Friday, April 07, 2006

PIERREPOINT took my breath away

PIERREPOINT is the kind of movie that leaves you struggling to articulate your emotions when the lights go up in the cinema. To paraphrase my friend, Swedish Philip, with whom I saw this movie, "it affected me inside." I can think of no higher recommendation for any film.

PIERREPOINT is a multi-faceted portrait of England's most prolific executioner, Alfred Pierrepoint. Pierrepoint executed over 600 people in his career in the 1940s and 1950s including Lord Haw Haw, various Nazi war criminals and, perhaps most controversially, Derek Bentley and Ruth Ellis. He was essentially a good and decent man who had a strong sense of duty and service to his monarch and state. He was also a quietly religious man. He was entirely uninterested in what his victims had supposedly done. It was enough for him that the State had judged them guilty. His vocation, as he saw it, was to deliver them the most efficient, humane and merciful death. And, once they had atoned for their sin, to treat their bodies with dignity and care. Pierrepoint certainly took a sort of school-boy pride in being the quickest to take his victim from cell to noose, or in being picked by "Monty" to administer swift British justice to Nazi war criminals, but somehow his pride does not seem selfish. Indeed, it can be selfless. In the most affecting scene of the movie - moreso because it is factually correct - Pierrepoint has to execute a man for whom he feels a great deal of affection. He knows this will plague his conscience for the rest of his life - despite the fact the man is uncontrovertably guilty - but goes through with the execution anyway. He knows that he can reassure the man, and ensure that his death is painless.

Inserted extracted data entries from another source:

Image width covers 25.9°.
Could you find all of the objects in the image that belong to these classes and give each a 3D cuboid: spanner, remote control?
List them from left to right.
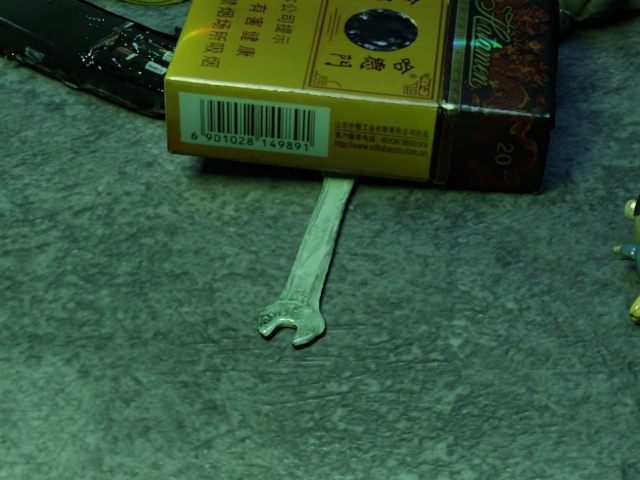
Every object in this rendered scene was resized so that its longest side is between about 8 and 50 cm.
[{"bbox_3d":[-0.271,-0.239,1.739,0.398,0.062,0.144,24,50,30],"label":"remote control"},{"bbox_3d":[0.000,0.000,1.461,0.071,0.017,0.302,5,43,14],"label":"spanner"}]

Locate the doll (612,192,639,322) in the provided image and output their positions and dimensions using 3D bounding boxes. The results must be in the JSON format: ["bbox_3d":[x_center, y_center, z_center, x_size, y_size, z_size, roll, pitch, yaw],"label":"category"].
[{"bbox_3d":[0.338,0.003,1.360,0.102,0.089,0.179,7,67,17],"label":"doll"}]

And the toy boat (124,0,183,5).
[{"bbox_3d":[-0.235,-0.355,1.863,0.172,0.066,0.065,2,45,12],"label":"toy boat"}]

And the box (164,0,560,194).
[{"bbox_3d":[0.055,-0.193,1.557,0.415,0.116,0.264,7,42,5],"label":"box"}]

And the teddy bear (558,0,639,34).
[{"bbox_3d":[0.364,-0.359,1.679,0.171,0.251,0.144,7,-2,-16],"label":"teddy bear"}]
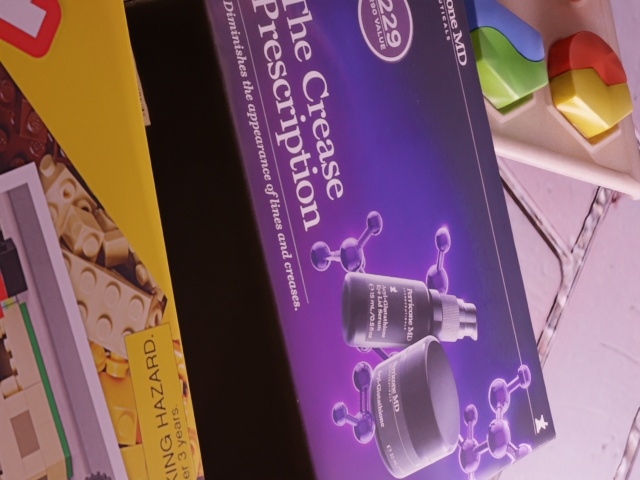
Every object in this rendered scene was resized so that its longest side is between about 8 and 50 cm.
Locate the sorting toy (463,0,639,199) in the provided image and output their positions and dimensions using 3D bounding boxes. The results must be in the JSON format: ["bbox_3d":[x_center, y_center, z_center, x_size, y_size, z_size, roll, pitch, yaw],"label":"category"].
[{"bbox_3d":[0.115,-0.131,1.055,0.208,0.038,0.193,16,60,-48],"label":"sorting toy"}]

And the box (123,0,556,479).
[{"bbox_3d":[0.000,0.000,0.898,0.184,0.103,0.261,-23,103,-50],"label":"box"}]

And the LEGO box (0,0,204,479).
[{"bbox_3d":[-0.235,0.042,0.556,0.372,0.193,0.500,-15,98,-48],"label":"LEGO box"}]
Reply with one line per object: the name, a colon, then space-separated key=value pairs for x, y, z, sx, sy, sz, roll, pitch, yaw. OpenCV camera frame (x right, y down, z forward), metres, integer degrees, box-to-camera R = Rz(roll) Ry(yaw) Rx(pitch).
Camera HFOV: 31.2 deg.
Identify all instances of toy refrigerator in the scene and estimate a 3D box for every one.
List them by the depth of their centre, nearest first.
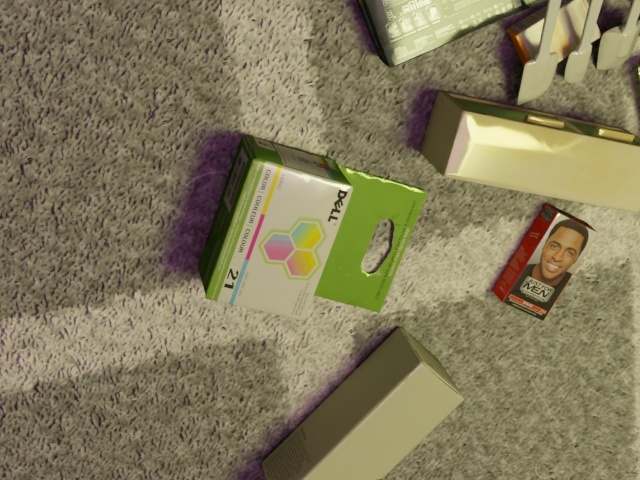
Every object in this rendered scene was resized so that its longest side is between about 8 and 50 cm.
toy refrigerator: x=0.274 y=-0.115 z=1.428 sx=0.269 sy=0.102 sz=0.094 roll=10 pitch=109 yaw=-16

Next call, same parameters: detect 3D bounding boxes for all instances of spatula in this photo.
spatula: x=0.319 y=-0.258 z=1.345 sx=0.168 sy=0.019 sz=0.242 roll=-18 pitch=151 yaw=-9

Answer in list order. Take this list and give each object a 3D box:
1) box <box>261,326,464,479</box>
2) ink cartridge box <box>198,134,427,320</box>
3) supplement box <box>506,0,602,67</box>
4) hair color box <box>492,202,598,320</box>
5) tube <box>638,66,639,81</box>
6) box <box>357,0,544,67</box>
box: x=0.053 y=0.255 z=1.525 sx=0.275 sy=0.113 sz=0.094 roll=-44 pitch=115 yaw=8
ink cartridge box: x=0.000 y=0.000 z=1.414 sx=0.255 sy=0.097 sz=0.189 roll=15 pitch=108 yaw=-17
supplement box: x=0.287 y=-0.256 z=1.408 sx=0.098 sy=0.036 sz=0.062 roll=-30 pitch=116 yaw=2
hair color box: x=0.299 y=0.029 z=1.525 sx=0.072 sy=0.043 sz=0.141 roll=24 pitch=104 yaw=-20
tube: x=0.463 y=-0.127 z=1.491 sx=0.062 sy=0.070 sz=0.240 roll=-4 pitch=114 yaw=23
box: x=0.148 y=-0.332 z=1.332 sx=0.232 sy=0.059 sz=0.183 roll=-25 pitch=116 yaw=-2
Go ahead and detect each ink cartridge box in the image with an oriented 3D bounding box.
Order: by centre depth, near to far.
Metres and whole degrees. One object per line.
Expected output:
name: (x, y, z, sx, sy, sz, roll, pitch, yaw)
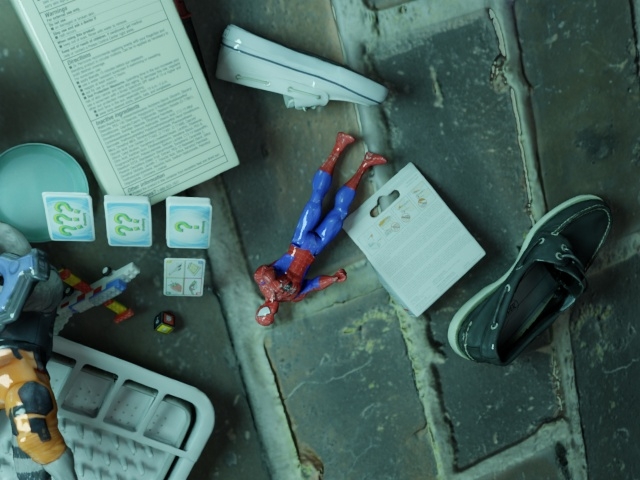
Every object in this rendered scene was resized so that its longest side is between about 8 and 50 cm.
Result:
ink cartridge box: (0.131, 0.000, 1.143, 0.145, 0.045, 0.179, -41, 95, -9)

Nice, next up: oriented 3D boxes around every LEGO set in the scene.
LEGO set: (-0.226, 0.044, 0.925, 0.183, 0.060, 0.244, 2, 140, -11)

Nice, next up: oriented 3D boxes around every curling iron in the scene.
curling iron: (-0.163, -0.283, 0.947, 0.068, 0.035, 0.273, -17, 107, -18)

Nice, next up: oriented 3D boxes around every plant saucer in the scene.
plant saucer: (-0.338, -0.057, 0.931, 0.119, 0.021, 0.119, -5, 104, -21)

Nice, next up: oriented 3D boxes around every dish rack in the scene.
dish rack: (-0.322, 0.291, 0.989, 0.286, 0.072, 0.332, 27, 90, -26)

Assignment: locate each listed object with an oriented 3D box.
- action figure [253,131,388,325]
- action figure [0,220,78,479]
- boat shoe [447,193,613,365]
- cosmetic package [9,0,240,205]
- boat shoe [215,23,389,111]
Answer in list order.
action figure: (0.000, 0.000, 1.028, 0.091, 0.139, 0.280, 30, 91, -24)
action figure: (-0.379, 0.135, 0.848, 0.178, 0.342, 0.330, 20, 64, -60)
boat shoe: (0.347, 0.064, 1.196, 0.340, 0.113, 0.127, -39, 113, -11)
cosmetic package: (-0.231, -0.200, 0.896, 0.160, 0.113, 0.309, -26, 110, -16)
boat shoe: (-0.026, -0.205, 1.008, 0.226, 0.083, 0.075, 18, 106, -14)
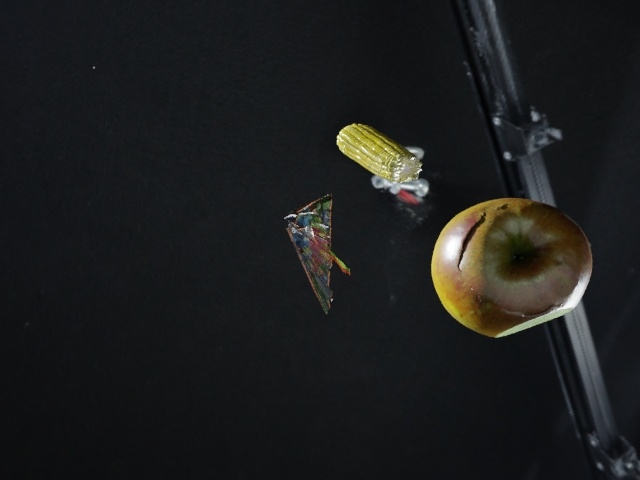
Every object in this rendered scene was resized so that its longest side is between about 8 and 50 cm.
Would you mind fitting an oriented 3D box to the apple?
[{"bbox_3d":[0.205,0.029,0.758,0.163,0.147,0.146,-21,-111,-1],"label":"apple"}]

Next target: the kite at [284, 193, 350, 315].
[{"bbox_3d":[0.000,0.000,1.113,0.014,0.241,0.183,-21,-45,29],"label":"kite"}]

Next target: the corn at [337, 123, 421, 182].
[{"bbox_3d":[0.096,-0.145,1.136,0.085,0.165,0.063,17,-73,-37],"label":"corn"}]
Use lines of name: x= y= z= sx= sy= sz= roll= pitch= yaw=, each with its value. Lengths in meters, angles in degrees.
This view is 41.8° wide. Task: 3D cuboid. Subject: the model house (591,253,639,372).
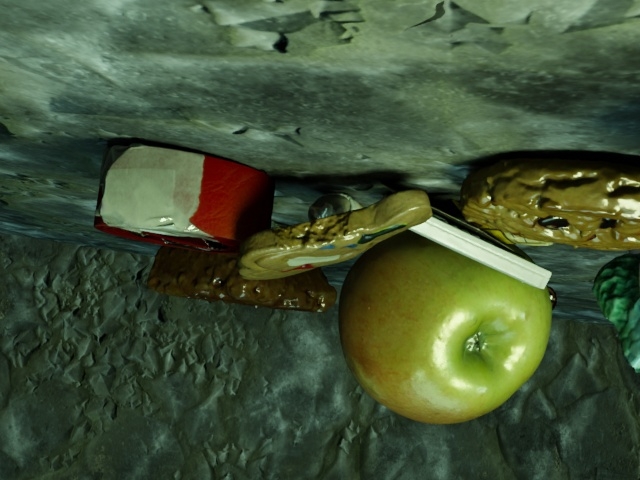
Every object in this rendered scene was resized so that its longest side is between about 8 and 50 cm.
model house: x=0.518 y=0.047 z=1.022 sx=0.261 sy=0.226 sz=0.241 roll=6 pitch=137 yaw=-14

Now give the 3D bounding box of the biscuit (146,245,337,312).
biscuit: x=-0.196 y=0.084 z=2.109 sx=0.395 sy=0.166 sz=0.342 roll=0 pitch=168 yaw=42

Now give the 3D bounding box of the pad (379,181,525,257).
pad: x=0.187 y=-0.026 z=1.157 sx=0.158 sy=0.003 sz=0.235 roll=29 pitch=-175 yaw=29

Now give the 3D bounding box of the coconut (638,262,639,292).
coconut: x=0.360 y=0.040 z=0.578 sx=0.247 sy=0.245 sz=0.245 roll=-33 pitch=-162 yaw=-32

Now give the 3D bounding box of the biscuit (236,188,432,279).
biscuit: x=0.008 y=0.001 z=1.093 sx=0.320 sy=0.047 sz=0.183 roll=-20 pitch=168 yaw=29

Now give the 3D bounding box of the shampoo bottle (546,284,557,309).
shampoo bottle: x=0.470 y=0.143 z=2.187 sx=0.129 sy=0.084 sz=0.323 roll=14 pitch=173 yaw=-19

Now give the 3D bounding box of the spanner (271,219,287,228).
spanner: x=-0.044 y=-0.017 z=1.715 sx=0.054 sy=0.015 sz=0.254 roll=-1 pitch=170 yaw=42

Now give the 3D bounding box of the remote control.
remote control: x=0.199 y=0.002 z=1.178 sx=0.250 sy=0.034 sz=0.103 roll=25 pitch=-176 yaw=-10

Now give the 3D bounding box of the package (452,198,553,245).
package: x=0.247 y=-0.025 z=1.138 sx=0.131 sy=0.047 sz=0.071 roll=5 pitch=170 yaw=31

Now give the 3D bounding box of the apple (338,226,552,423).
apple: x=0.209 y=0.141 z=1.373 sx=0.338 sy=0.338 sz=0.305 roll=12 pitch=-178 yaw=-33

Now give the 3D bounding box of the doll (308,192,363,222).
doll: x=0.021 y=-0.028 z=1.233 sx=0.073 sy=0.084 sz=0.127 roll=4 pitch=180 yaw=27

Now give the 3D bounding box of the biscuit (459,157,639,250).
biscuit: x=0.293 y=-0.030 z=0.928 sx=0.296 sy=0.075 sz=0.296 roll=8 pitch=174 yaw=1

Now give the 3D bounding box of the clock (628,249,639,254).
clock: x=0.554 y=0.035 z=1.272 sx=0.152 sy=0.050 sz=0.110 roll=9 pitch=173 yaw=-8

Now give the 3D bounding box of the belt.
belt: x=-0.185 y=-0.052 z=1.169 sx=0.227 sy=0.115 sz=0.324 roll=3 pitch=174 yaw=17
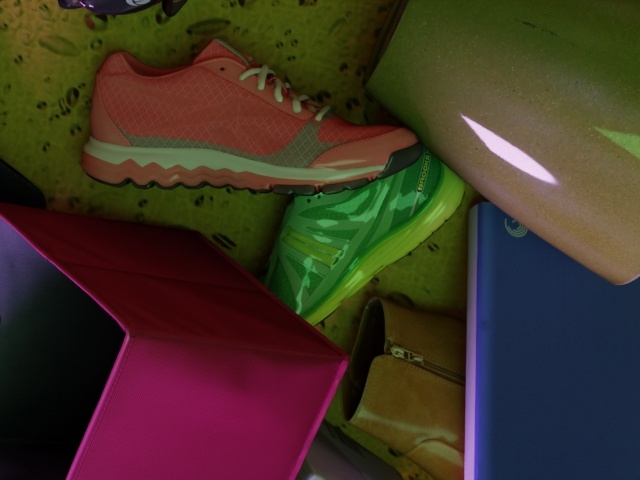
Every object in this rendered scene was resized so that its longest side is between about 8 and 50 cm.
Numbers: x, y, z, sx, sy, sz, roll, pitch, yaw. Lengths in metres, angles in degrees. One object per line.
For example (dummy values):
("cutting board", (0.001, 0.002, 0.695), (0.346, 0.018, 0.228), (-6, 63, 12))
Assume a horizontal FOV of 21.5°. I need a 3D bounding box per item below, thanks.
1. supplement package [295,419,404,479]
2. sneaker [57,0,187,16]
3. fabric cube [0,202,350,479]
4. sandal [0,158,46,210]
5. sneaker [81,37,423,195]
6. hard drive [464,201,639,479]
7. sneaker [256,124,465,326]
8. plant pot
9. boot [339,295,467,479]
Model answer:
("supplement package", (-0.043, 0.327, 1.679), (0.199, 0.198, 0.263), (37, 98, -26))
("sneaker", (-0.207, -0.285, 1.446), (0.281, 0.106, 0.162), (32, 103, -24))
("fabric cube", (-0.183, 0.137, 1.494), (0.258, 0.259, 0.254), (8, 111, -46))
("sandal", (-0.319, -0.069, 1.532), (0.067, 0.040, 0.179), (-43, 134, -4))
("sneaker", (-0.064, -0.113, 1.513), (0.314, 0.116, 0.136), (2, 98, 7))
("hard drive", (0.244, 0.132, 1.660), (0.210, 0.040, 0.319), (9, 70, -19))
("sneaker", (0.000, 0.000, 1.628), (0.295, 0.109, 0.123), (-39, 93, 4))
("plant pot", (0.199, -0.144, 1.544), (0.293, 0.275, 0.275), (25, 104, -6))
("boot", (0.114, 0.209, 1.658), (0.211, 0.295, 0.104), (17, 148, -28))
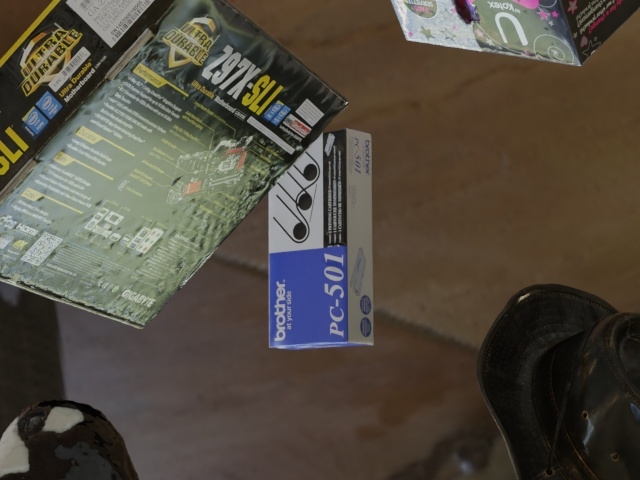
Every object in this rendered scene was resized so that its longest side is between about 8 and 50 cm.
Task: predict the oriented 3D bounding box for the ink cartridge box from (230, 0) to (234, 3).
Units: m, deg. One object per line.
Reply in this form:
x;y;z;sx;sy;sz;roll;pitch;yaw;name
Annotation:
-0.197;-0.229;2.023;0.176;0.128;0.127;15;133;-26;ink cartridge box

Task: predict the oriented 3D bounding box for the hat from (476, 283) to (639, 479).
0.307;0.167;1.694;0.331;0.331;0.134;20;141;-34;hat

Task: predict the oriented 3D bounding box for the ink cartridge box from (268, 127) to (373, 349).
0.000;0.000;1.749;0.097;0.207;0.046;-5;171;36;ink cartridge box

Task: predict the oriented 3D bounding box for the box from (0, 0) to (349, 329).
-0.136;-0.071;1.340;0.257;0.079;0.322;-49;158;5;box

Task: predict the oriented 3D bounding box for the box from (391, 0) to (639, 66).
0.199;-0.287;1.849;0.163;0.247;0.142;-44;126;-27;box

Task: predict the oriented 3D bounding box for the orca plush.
-0.117;0.178;0.915;0.102;0.287;0.151;-28;113;18;orca plush

But PIERREPOINT is about more than one man's psychological and emotional journey. It is about the great social change that took place in British society in the 1940s and 1950s. At the start of the film, Pierrepoint is a man who administers Edwardian justice in a world that treats him as a war hero for it. By the time the film closes, the calls for an end to capital punishment are gathering sway and both Pierrepoint and his wife are no longer able to repress the emotional and physical reality of what he has done.

To my mind, this is one of the most amazing scripts that I have seen brought to the screen. The screenwriter lures us into Pierrepoint's world and psyche. I felt that I could finally understand why a good, affable chap could be an executioner, and why, in the end, he could not. Praise must go to every single member of the cast but especially to Timothy Spall, who plays Pierrepoint, Juliet Stephenson, who plays his wife, and to Eddie Marsan who plays "Tish". The production design, photography and score all combine to create the claustrophobic, repressed world of the 1940s and 1950s. (The movie is shot by Danny Cohen, who also shot the wonderful DEAD MAN'S SHOES.) The achievement is all the greater when we learn that the film was shot in four weeks on a shoe-string budget, and on 16mm film.

What more can I say? This is movie making at its finest with real creative talent and artistry devoted to bringing the singular life of a singular man to the screen. Please, do try to see it.



PIERREPOINT: THE LAST HANGMAN premiered at Toronto 2005 and goes on release in the UK today. It goes on limited release in the US on September 15th 2006.